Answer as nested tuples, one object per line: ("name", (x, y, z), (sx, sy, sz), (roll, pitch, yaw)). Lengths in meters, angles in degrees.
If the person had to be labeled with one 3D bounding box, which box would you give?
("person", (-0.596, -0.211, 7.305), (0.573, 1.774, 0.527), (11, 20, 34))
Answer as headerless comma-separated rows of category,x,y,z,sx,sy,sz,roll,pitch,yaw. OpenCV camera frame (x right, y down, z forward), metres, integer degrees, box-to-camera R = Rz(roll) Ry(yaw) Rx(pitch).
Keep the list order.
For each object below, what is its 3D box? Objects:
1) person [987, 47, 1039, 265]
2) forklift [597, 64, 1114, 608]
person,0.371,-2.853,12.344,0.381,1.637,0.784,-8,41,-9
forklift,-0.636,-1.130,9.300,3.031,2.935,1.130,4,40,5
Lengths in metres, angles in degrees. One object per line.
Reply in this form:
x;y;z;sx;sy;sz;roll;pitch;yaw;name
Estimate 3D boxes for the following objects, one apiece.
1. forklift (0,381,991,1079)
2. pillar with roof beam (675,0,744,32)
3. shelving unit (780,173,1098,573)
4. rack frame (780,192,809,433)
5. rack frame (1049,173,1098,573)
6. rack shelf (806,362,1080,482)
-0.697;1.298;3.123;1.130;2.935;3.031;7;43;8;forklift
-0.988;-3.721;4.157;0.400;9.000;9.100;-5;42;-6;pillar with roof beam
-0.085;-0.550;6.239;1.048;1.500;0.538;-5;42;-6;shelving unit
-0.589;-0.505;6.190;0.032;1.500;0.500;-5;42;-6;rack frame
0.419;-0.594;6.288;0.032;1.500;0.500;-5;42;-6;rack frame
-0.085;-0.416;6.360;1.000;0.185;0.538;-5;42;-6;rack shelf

━━━━━━━━

- _EXERCISE GOAL_: Give back every line of the data exactly as it was written.

- _SOLUTION_:
Answer as nested tuples, one object per line: ("name", (x, y, z), (sx, sy, sz), (roll, pitch, yaw)). Lengths in meters, angles in degrees.
If the person had to be labeled with one 3D bounding box, which box would you give?
("person", (-0.596, -0.211, 7.305), (0.573, 1.774, 0.527), (11, 20, 34))
Answer as headerless comma-separated rows of category,x,y,z,sx,sy,sz,roll,pitch,yaw. OpenCV camera frame (x right, y down, z forward), metres, integer degrees, box-to-camera R = Rz(roll) Ry(yaw) Rx(pitch).
Keep the list order.
For each object below, what is its 3D box? Objects:
1) person [987, 47, 1039, 265]
2) forklift [597, 64, 1114, 608]
person,0.371,-2.853,12.344,0.381,1.637,0.784,-8,41,-9
forklift,-0.636,-1.130,9.300,3.031,2.935,1.130,4,40,5
Lengths in metres, angles in degrees. One object per line.
Reply in this form:
x;y;z;sx;sy;sz;roll;pitch;yaw;name
Estimate 3D boxes for the following objects, one apiece.
1. forklift (0,381,991,1079)
2. pillar with roof beam (675,0,744,32)
3. shelving unit (780,173,1098,573)
4. rack frame (780,192,809,433)
5. rack frame (1049,173,1098,573)
6. rack shelf (806,362,1080,482)
-0.697;1.298;3.123;1.130;2.935;3.031;7;43;8;forklift
-0.988;-3.721;4.157;0.400;9.000;9.100;-5;42;-6;pillar with roof beam
-0.085;-0.550;6.239;1.048;1.500;0.538;-5;42;-6;shelving unit
-0.589;-0.505;6.190;0.032;1.500;0.500;-5;42;-6;rack frame
0.419;-0.594;6.288;0.032;1.500;0.500;-5;42;-6;rack frame
-0.085;-0.416;6.360;1.000;0.185;0.538;-5;42;-6;rack shelf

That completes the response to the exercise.